Brendan Burgess said:


> One of the supposed advantages of Blockchain is that there is no one supervising it.



I think part of the logic of the crypto community is that everyone bar governments and central banks are trustworthy. The community themselves would oversee it so there would be no need for any retrospective corrective action to recover stolen or misplaced assets.


----------



## Andrew365 (18 Dec 2019)

Leo said:


> I think part of the logic of the crypto community is that everyone bar governments and central banks are trustworthy. The community themselves would oversee it so there would be no need for any retrospective corrective action to recover stolen or misplaced assets.

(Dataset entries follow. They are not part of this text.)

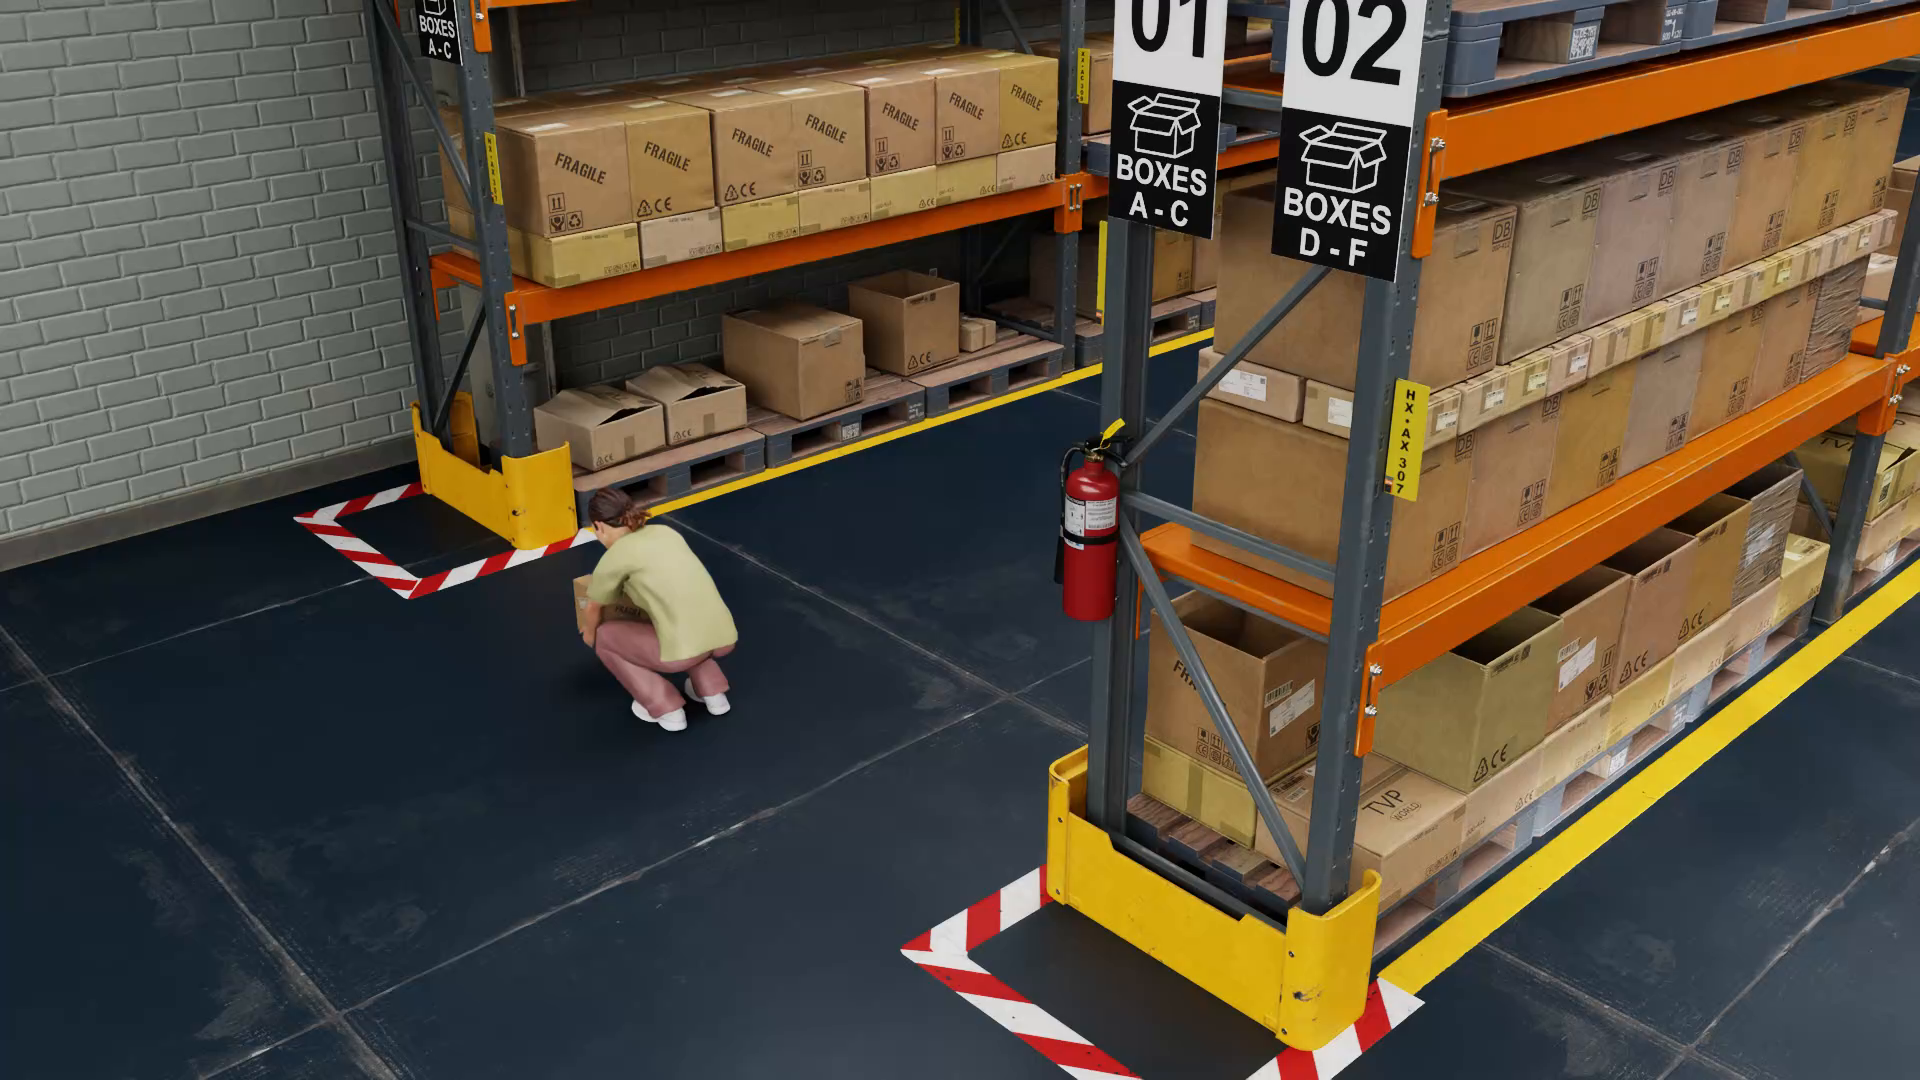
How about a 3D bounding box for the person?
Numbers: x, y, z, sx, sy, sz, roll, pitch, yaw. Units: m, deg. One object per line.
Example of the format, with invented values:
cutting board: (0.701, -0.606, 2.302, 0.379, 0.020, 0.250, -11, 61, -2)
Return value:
person: (-1.275, 0.263, 6.937, 0.485, 0.931, 0.800, -21, 32, -38)
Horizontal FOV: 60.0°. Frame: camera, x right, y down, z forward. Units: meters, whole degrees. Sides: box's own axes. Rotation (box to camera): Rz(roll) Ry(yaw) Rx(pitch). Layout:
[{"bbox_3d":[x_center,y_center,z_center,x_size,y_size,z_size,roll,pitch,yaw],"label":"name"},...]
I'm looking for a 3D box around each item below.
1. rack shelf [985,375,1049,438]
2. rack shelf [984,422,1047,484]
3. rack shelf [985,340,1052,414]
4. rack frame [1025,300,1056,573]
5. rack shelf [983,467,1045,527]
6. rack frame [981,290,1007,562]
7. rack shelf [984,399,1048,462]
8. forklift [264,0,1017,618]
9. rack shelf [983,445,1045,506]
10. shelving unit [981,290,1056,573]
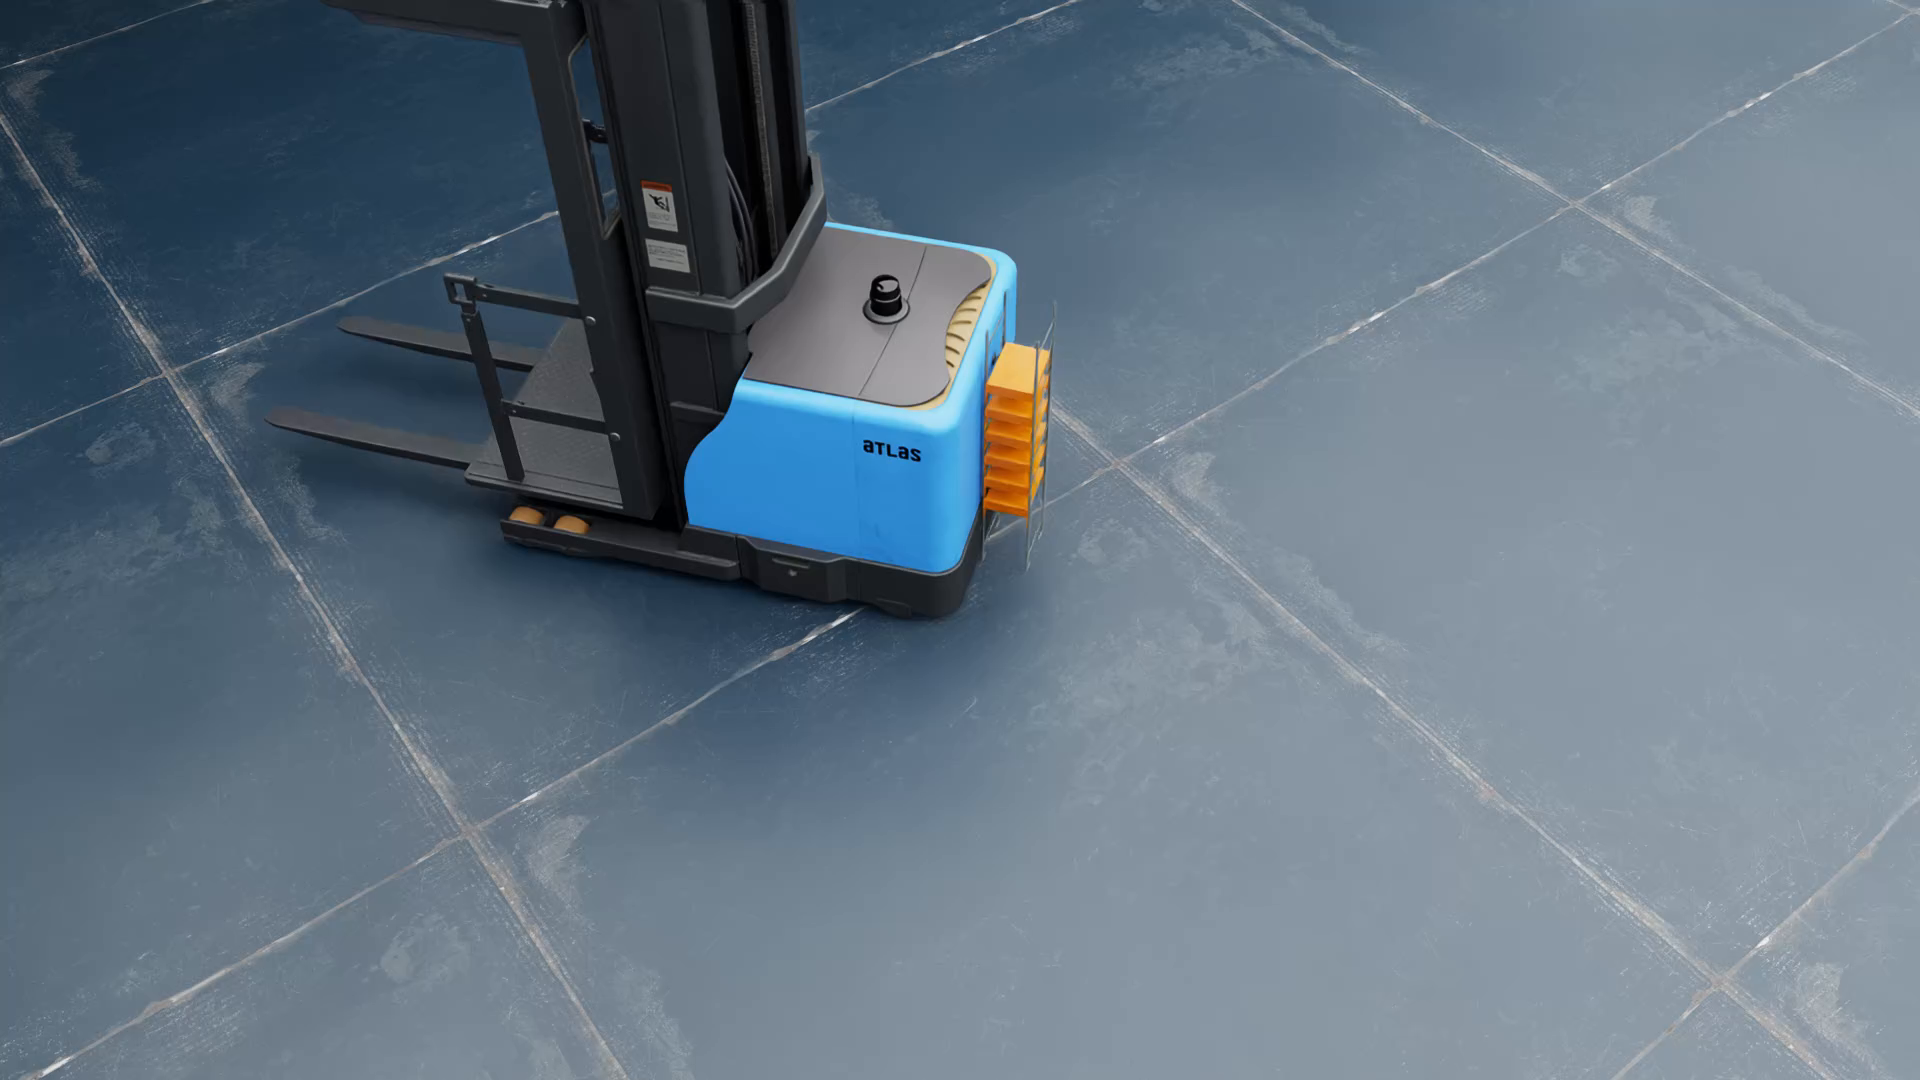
[{"bbox_3d":[0.214,-0.513,6.138,0.180,0.103,0.258,13,49,12],"label":"rack shelf"},{"bbox_3d":[0.214,-0.350,6.315,0.180,0.103,0.258,13,49,12],"label":"rack shelf"},{"bbox_3d":[0.215,-0.594,6.050,0.180,0.103,0.258,13,49,12],"label":"rack shelf"},{"bbox_3d":[0.301,-0.360,6.264,0.006,1.200,0.240,13,49,12],"label":"rack frame"},{"bbox_3d":[0.213,-0.188,6.492,0.180,0.103,0.258,13,49,12],"label":"rack shelf"},{"bbox_3d":[0.127,-0.401,6.301,0.006,1.200,0.240,13,49,12],"label":"rack frame"},{"bbox_3d":[0.214,-0.432,6.227,0.180,0.103,0.258,13,49,12],"label":"rack shelf"},{"bbox_3d":[-1.345,-1.288,5.938,3.031,2.935,1.130,11,49,10],"label":"forklift"},{"bbox_3d":[0.213,-0.269,6.403,0.180,0.103,0.258,13,49,12],"label":"rack shelf"},{"bbox_3d":[0.214,-0.380,6.282,0.189,1.200,0.258,13,49,12],"label":"shelving unit"}]
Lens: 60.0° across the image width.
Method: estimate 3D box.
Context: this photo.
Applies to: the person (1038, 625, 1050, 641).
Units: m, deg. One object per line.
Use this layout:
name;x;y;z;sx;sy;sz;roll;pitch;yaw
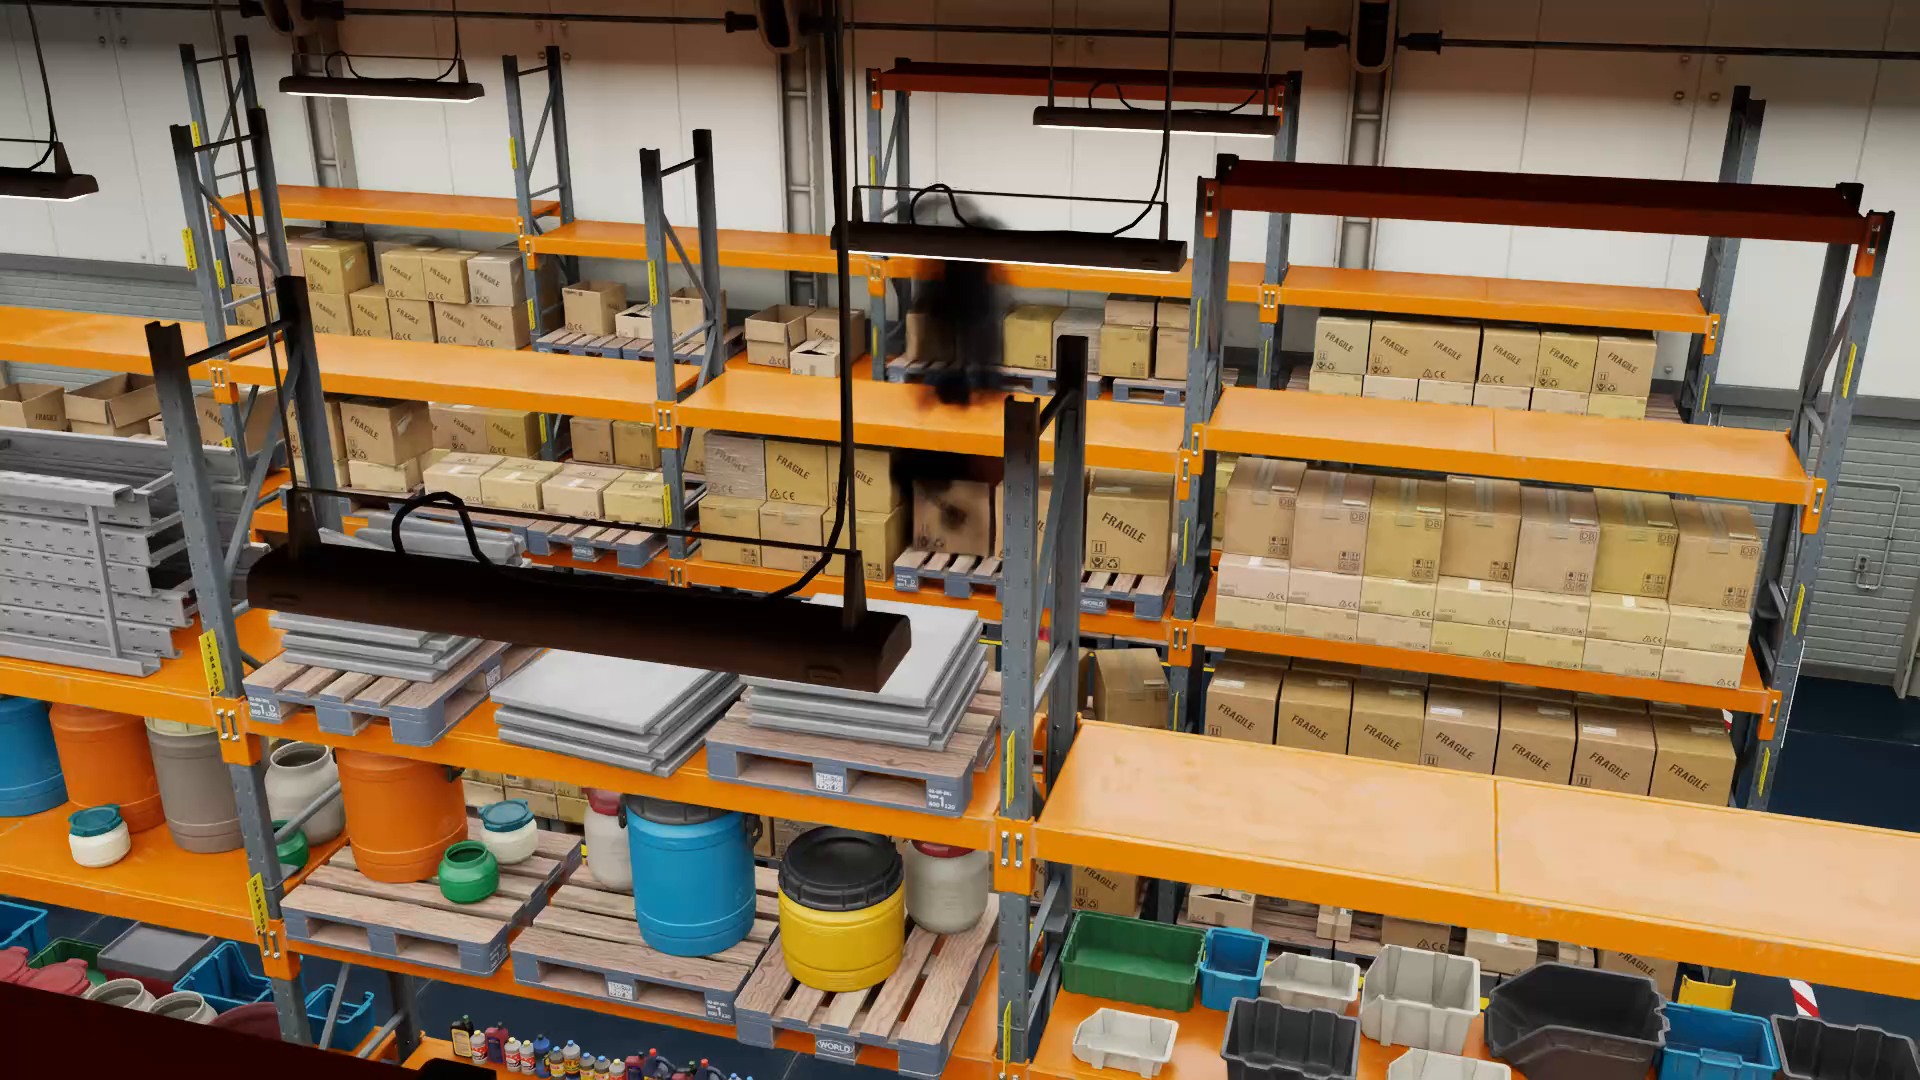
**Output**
person;0.823;1.345;15.380;0.603;1.688;0.665;7;24;17
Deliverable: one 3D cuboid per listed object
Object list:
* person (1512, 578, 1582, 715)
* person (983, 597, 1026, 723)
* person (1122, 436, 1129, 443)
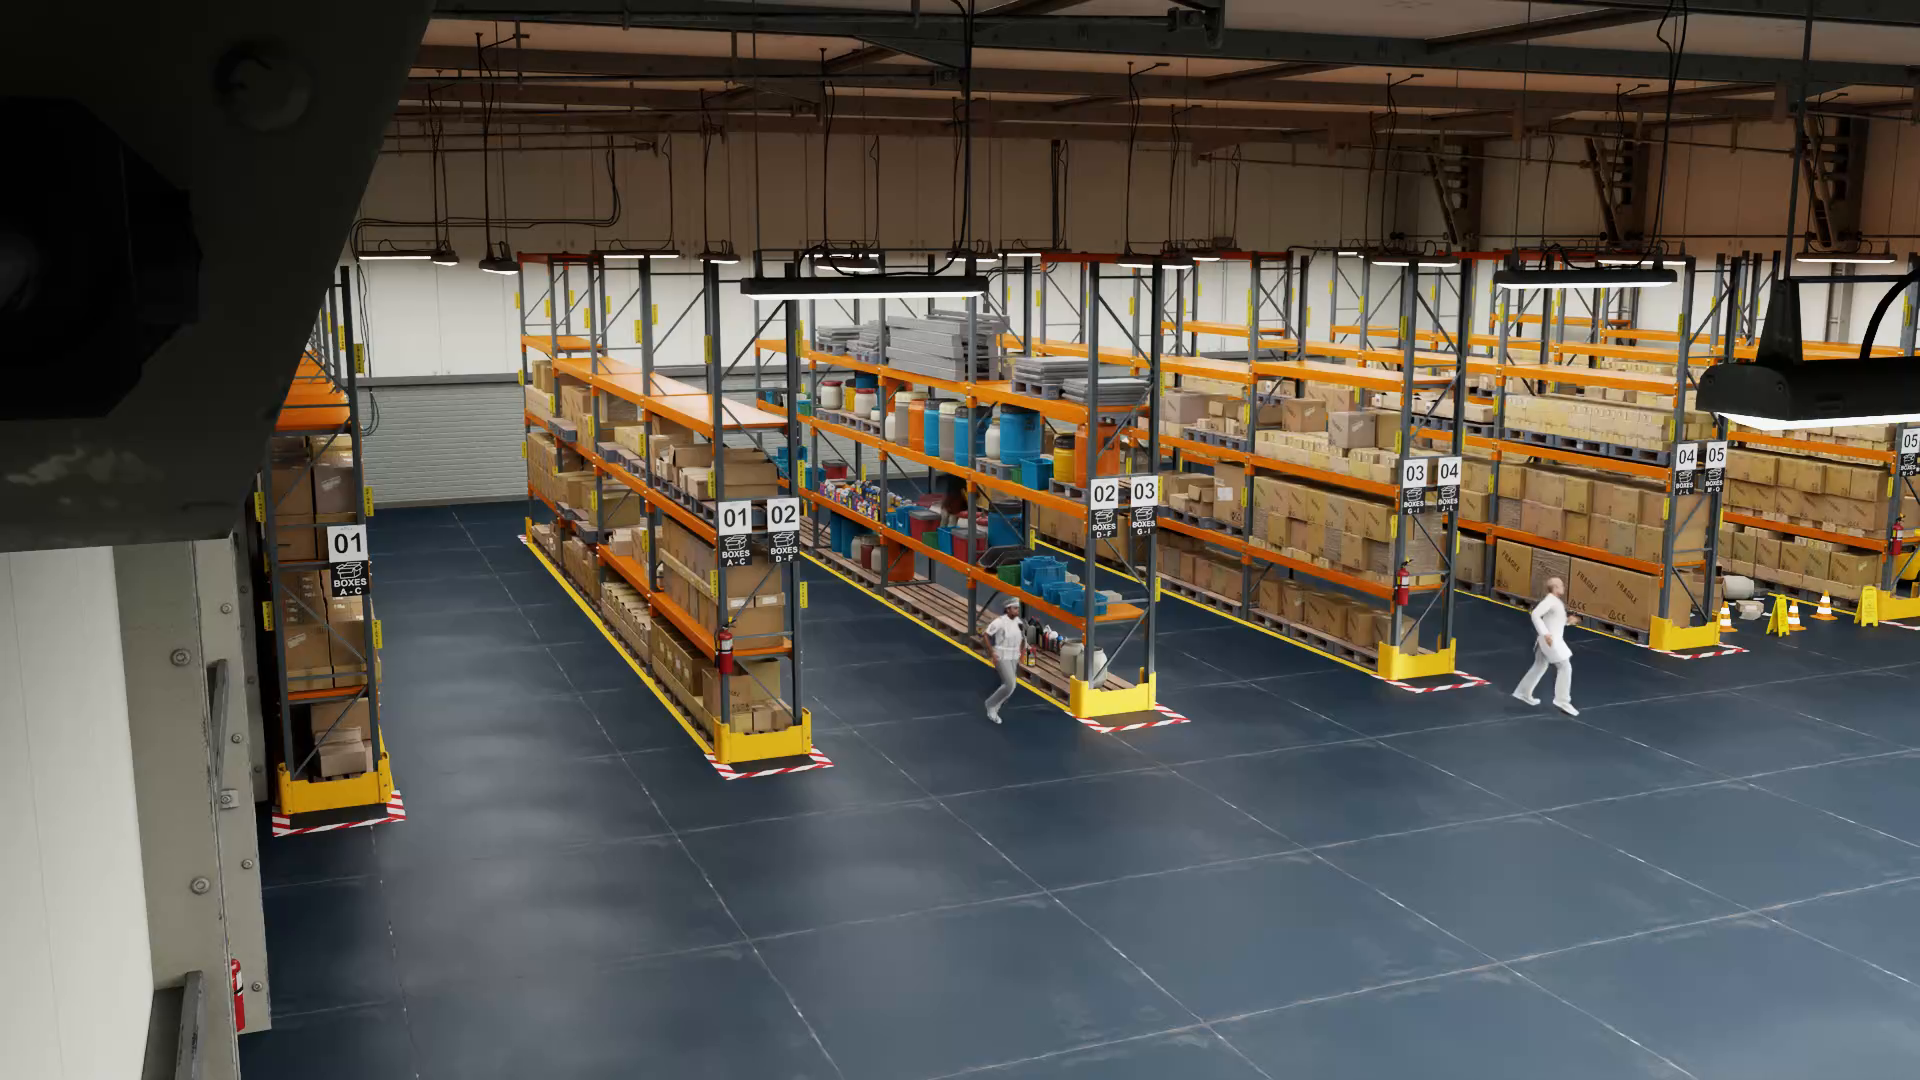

This has little to do with Cryptocurrency. Cryptocurrency is an application of Blockchain technology. Financial Institutions would operate a private Blockchain.

Brendan,

Blockchain is very much a pilot program in financial institutions at the minute, but anecdotally you should have experience of how fragile and convoluted banking systems are, for example, look at the recent outage at Bank Of Ireland. I have direct professional experience of the clearing system, but it can be simplified into a common problem. Any process with a lot of touch points there is an increased operational risk. In the current systems there are always issues, and a lot of controls have been built with people employed to run the controls to ensure the books balance. The industry has already evolved and there are no 'central' clearing houses that act as the middle man.

The reason Blockchain gets hype is because there is potential to streamline the process and reduce the staff required to run the current process.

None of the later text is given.